WORK TASK >> Could you write out the listing below exactly as it stands, leaving out the pictures?

Start of Block

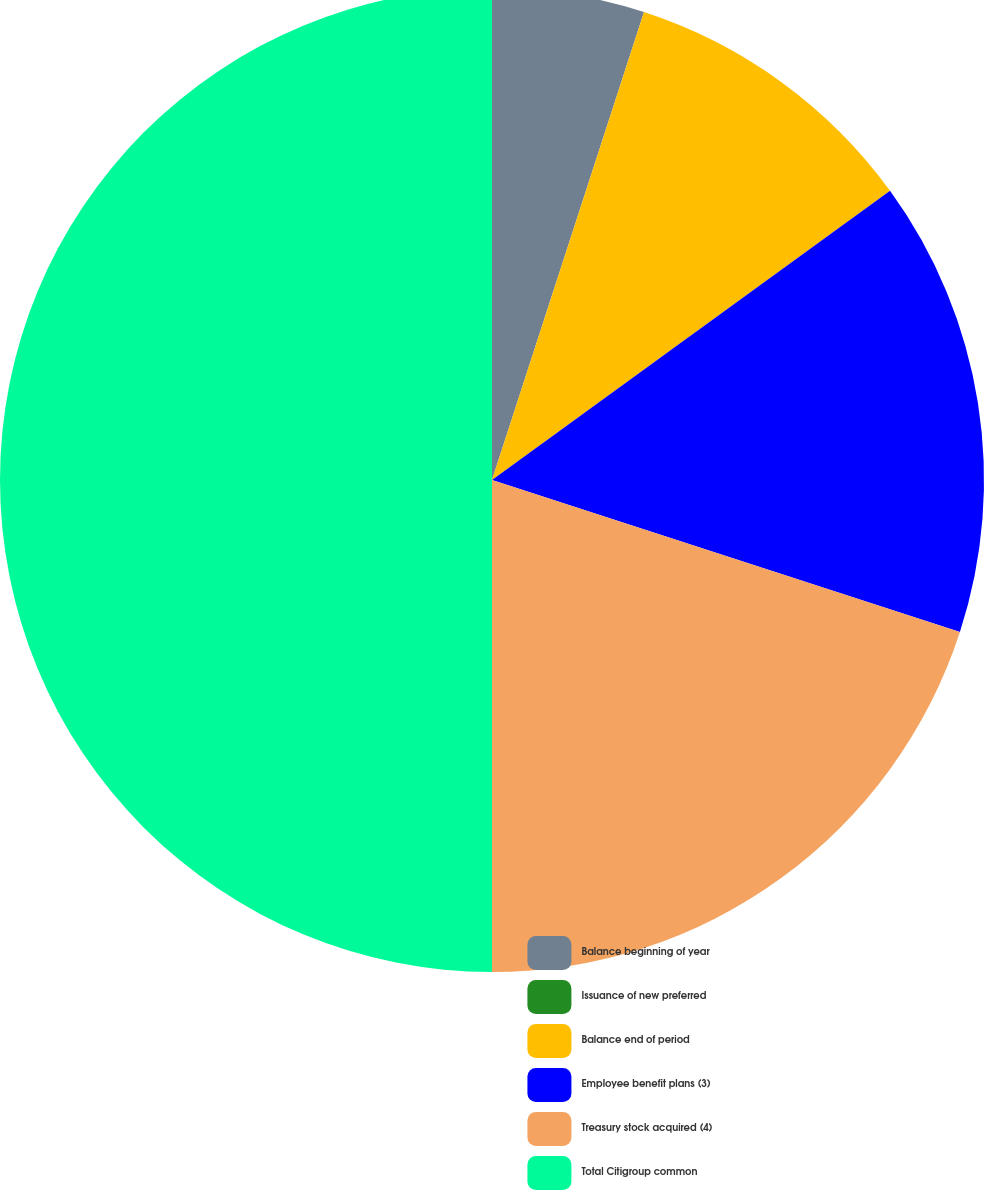Convert chart to OTSL. <chart><loc_0><loc_0><loc_500><loc_500><pie_chart><fcel>Balance beginning of year<fcel>Issuance of new preferred<fcel>Balance end of period<fcel>Employee benefit plans (3)<fcel>Treasury stock acquired (4)<fcel>Total Citigroup common<nl><fcel>5.0%<fcel>0.0%<fcel>10.0%<fcel>15.0%<fcel>20.0%<fcel>50.0%<nl></chart> 
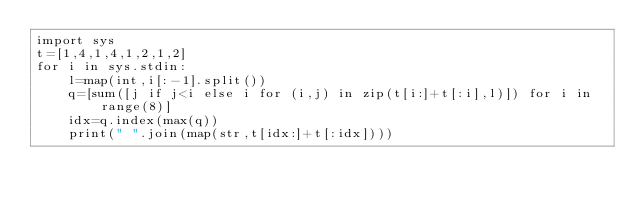<code> <loc_0><loc_0><loc_500><loc_500><_Python_>import sys
t=[1,4,1,4,1,2,1,2]
for i in sys.stdin:
    l=map(int,i[:-1].split())
    q=[sum([j if j<i else i for (i,j) in zip(t[i:]+t[:i],l)]) for i in range(8)]
    idx=q.index(max(q))
    print(" ".join(map(str,t[idx:]+t[:idx])))
</code>

End of Block

SOLUTION TO THE PROBLEM >>
Convert chart to OTSL. <chart><loc_0><loc_0><loc_500><loc_500><pie_chart><fcel>Balance beginning of year<fcel>Issuance of new preferred<fcel>Balance end of period<fcel>Employee benefit plans (3)<fcel>Treasury stock acquired (4)<fcel>Total Citigroup common<nl><fcel>5.0%<fcel>0.0%<fcel>10.0%<fcel>15.0%<fcel>20.0%<fcel>50.0%<nl></chart> 
<code> <loc_0><loc_0><loc_500><loc_500><_Python_>import sys
t=[1,4,1,4,1,2,1,2]
for i in sys.stdin:
    l=map(int,i[:-1].split())
    q=[sum([j if j<i else i for (i,j) in zip(t[i:]+t[:i],l)]) for i in range(8)]
    idx=q.index(max(q))
    print(" ".join(map(str,t[idx:]+t[:idx])))
</code>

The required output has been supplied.